As Dixon told TELUS Digital, a major contributor to agent effort comes from being hamstrung by company policies that make it difficult to create simple customer experiences. “Ask your representatives, ‘what are the things that make this job hard?’” Dixon advises, adding that it also helps to listen to recorded calls to pinpoint moments of agent frustration or confusion, where it’s obvious a company policy creates unnecessary friction in customer care. Are your policies overly prescriptive, dictating how agents must provide support, and perhaps even expecting them to reference promotions? Are your agents reporting that customers are questioning your policies, leaving your agents in the middle?

Asking these questions and doing these exercises doesn’t mean you’ll uncover the need for unwieldy or expensive changes. You may find things like making information easier to find, or simplifying processes and policies, is all it takes to improve the overall agent experience.

Why your company needs to rethink effort

The amount of effort associated with your CX can make or break your brand. You can’t have an easy-to-use product or service backed by an approach to customer care that’s frustrating and cumbersome. Even if your product is a little more advanced or requires greater explanation, doing what you can to reduce customer effort is still highly valuable.

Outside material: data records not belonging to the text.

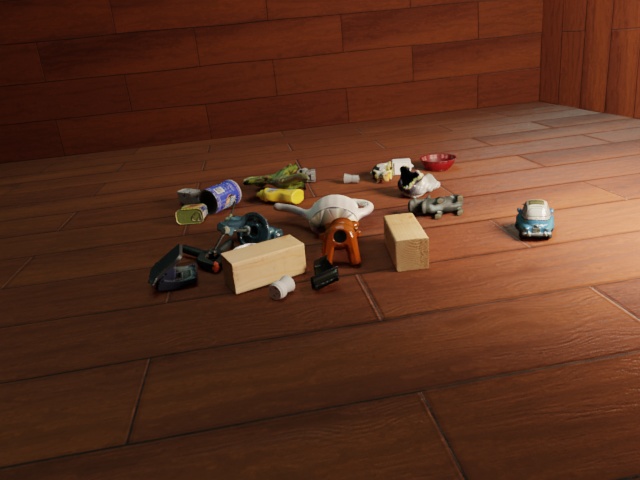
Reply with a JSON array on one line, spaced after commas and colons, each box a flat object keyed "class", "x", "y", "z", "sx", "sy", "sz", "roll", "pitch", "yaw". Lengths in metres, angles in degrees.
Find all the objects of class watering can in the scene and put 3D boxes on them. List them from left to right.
[{"class": "watering can", "x": 0.005, "y": -0.086, "z": 1.710, "sx": 0.347, "sy": 0.102, "sz": 0.228, "roll": -3, "pitch": 22, "yaw": 5}]

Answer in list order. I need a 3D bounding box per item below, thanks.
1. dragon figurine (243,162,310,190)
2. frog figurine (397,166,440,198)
[{"class": "dragon figurine", "x": -0.192, "y": -0.241, "z": 2.106, "sx": 0.243, "sy": 0.121, "sz": 0.411, "roll": -11, "pitch": 7, "yaw": -11}, {"class": "frog figurine", "x": 0.381, "y": -0.209, "z": 1.981, "sx": 0.137, "sy": 0.124, "sz": 0.158, "roll": 4, "pitch": -15, "yaw": 45}]
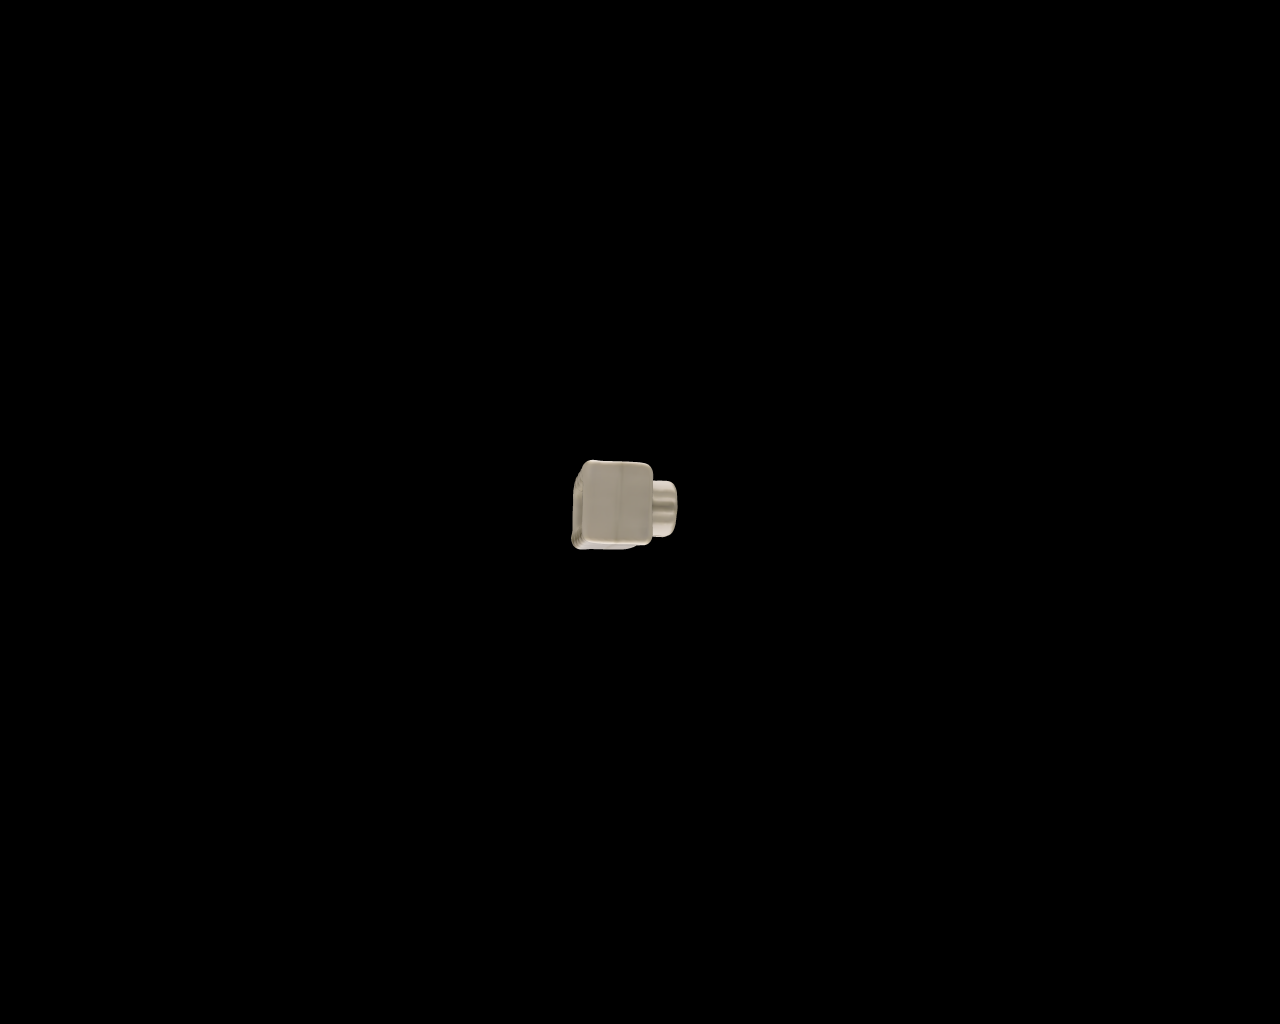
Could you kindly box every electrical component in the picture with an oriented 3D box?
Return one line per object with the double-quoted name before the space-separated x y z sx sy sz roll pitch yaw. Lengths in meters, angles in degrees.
"electrical component" 0.001 -0.003 0.650 0.076 0.047 0.083 1 -4 -7

At the same time, it shouldn’t come at the expense of high agent effort. They are in a symbiotic relationship; making things difficult for agents is costly, and ultimately trickles down into your CX delivery. The impact on your company is likely to be compounded further with high customer and employee attrition.

Reduce effort across the board by re-examining how and by what standards you measure success, then work to eliminate points of contention. Reconsider or update policies that don’t serve your brand or your bottom line and invest in your agents by equipping them with technology that makes lives easier. A low-effort environment is, at the end of the day, a more cost-effective one.

And of course, make sure to communicate any changes openly and transparently, and invite agent feedback to ensure you’re making genuine improvements. Your CX teams know your customers’ pain points better than anyone, and want to help you to reduce effort — for them, and for your customers.